- Born: Joseph Flawith Lockwood 14 November 1904 Southwell, Nottinghamshire, England
- Died: 6 March 1991 (aged 86) Buckinghamshire, England
- Occupations: Businessman, record and entertainment company executive

= Joseph Lockwood =

British businessman (1904–1991)

Sir Joseph Flawith Lockwood (14 November 1904 - 6 March 1991), was a British industrialist and businessman, whose initial reputation was as an executive of a flour milling company. Later, as chairman of EMI between 1954 and 1974, he oversaw the company's expansion in the music business, and the signing and marketing of acts including The Beatles. He was knighted in 1960.

==Early life==
He was born in Southwell, Nottinghamshire, the second son of flour mill owner Joseph Agnew Lockwood and his wife, Mabel (née Caudwell). Through his father he was a distant cousin to the actress Margaret Lockwood and to Solicitor General Sir Frank Lockwood, their common ancestor being Joseph Lockwood (c. 1758 – 1837), a former Mayor of Doncaster, Yorkshire. Lockwood attended schools in Southwell, Lincoln and Newark, but left at the age of 16 without qualifications and described his education as "little more than rudimentary".

==Flour milling and related activities==
He worked at the family mill before travelling to Chile at the age of 19, and becoming manager of a flour mill in Santiago, later moving to Concepción. He returned to England in about 1928, and began working for Ernest Simon in his family firm of mill builders, Henry Simon (later known as Simon Carves). Despite his lack of engineering qualifications he successfully supervised the rebuilding of a mill in Belgium, and moved up through the company's management until he was appointed to the board around 1934. With his enthusiasm for research and development, the company expanded under his direction, becoming the world's largest manufacturer of flour mills. He wrote the standard book on the subject of mill technology, Flour Milling, in 1945, and also researched and wrote on the subject of pelletised animal feed and its manufacture.

At the start of the Second World War, he took charge of measures to protect from firebombs in north west England, and became a member of a working party on wartime food supplies in Europe. Towards the end of the war, working with SHAEF, he followed the advancing troops in order to supervise the storage and production of grain, flour and foodstuffs in areas of Europe that were becoming liberated; he was in Lüneburg when Himmler committed suicide and in Berlin soon after the death of Hitler.

He became chairman of Henry Simon Ltd. in 1950, and in 1951 became a director of the National Research Development Corporation.

==Management of EMI==
In early 1954, he was approached by Sir Edward de Stein to join the board of EMI, and he became its chairman on his fiftieth birthday later in the year. At the time, EMI was losing some £0.5 million per year and was on the verge of bankruptcy. He instigated a run-down of the gramophone and radio manufacturing side of the company, giving it a greater focus on industrial electronic equipment through a partnership with Thorn Electrical Industries. He also started to oversee substantial growth in EMI's involvement in the record industry, buying and developing the American Capitol company in the late 1950s, and appointing George Martin to take charge of the Parlophone label. By 1960, EMI's annual profits were some £5 million. Joseph Lockwood was appointed Knight Bachelor in the 1960 New Year Honours list.
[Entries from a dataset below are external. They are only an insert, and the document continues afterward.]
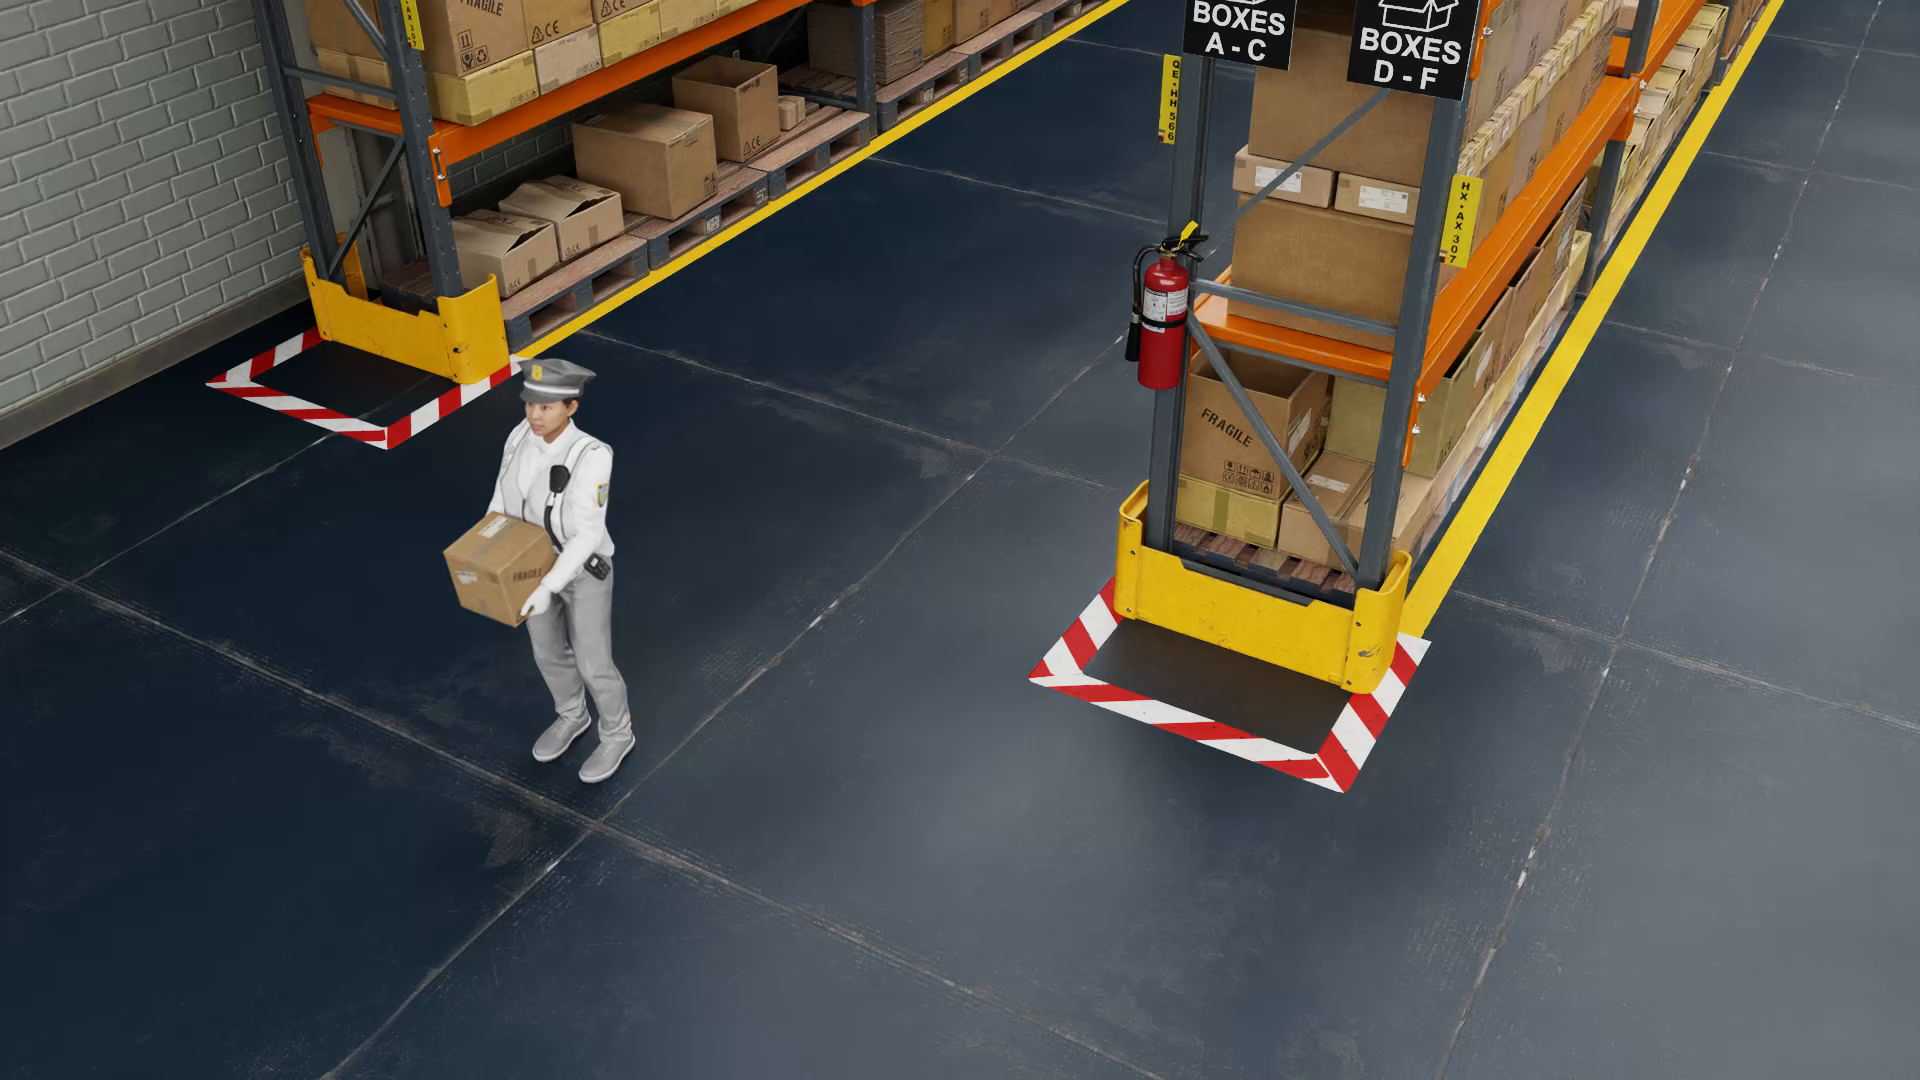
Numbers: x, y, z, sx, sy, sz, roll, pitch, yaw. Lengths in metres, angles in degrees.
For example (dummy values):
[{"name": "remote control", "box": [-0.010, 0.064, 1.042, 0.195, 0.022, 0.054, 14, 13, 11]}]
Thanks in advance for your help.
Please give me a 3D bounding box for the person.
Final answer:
[{"name": "person", "box": [-1.454, 0.139, 5.916, 0.461, 1.687, 0.563, 18, 38, 24]}]

He prioritised the production and sale of popular records, rather than classical records aimed at a prestige market. He also changed marketing and distribution arrangements; previously, only a small handful of record shops in Britain had been permitted to sell EMI records, and Lockwood pioneered new ways of ensuring the rapid distribution of hit records to shops. By 1973, EMI was reported to be the largest record company in the world. Lockwood also led the involvement of EMI in the British film industry.

Lockwood was regarded as close to the Beatles, who generated a large share of EMI's profits during the 1960s. It has been suggested that his relationship with the group was eased because both he and the Beatles' manager Brian Epstein were both Jewish and gay. Lockwood occasionally intervened personally in areas of dispute, for example to insist on the release of the "Penny Lane" / "Strawberry Fields Forever" single, and in ensuring that the Beatles rather than EMI would be held legally responsible if there were objections from celebrities pictured on the cover of the Sgt. Pepper's Lonely Hearts Club Band album. He was seen as willing to overlook "eccentricities" such as their drug use, saying "I never pursued it... largely because they were so successful". However, he refused to allow EMI to distribute the Two Virgins album because of its controversial sleeve design.

==Later years and death==
Lockwood retired as chairman of EMI in 1974. He died at his home in Buckinghamshire in 1991 at the age of 86.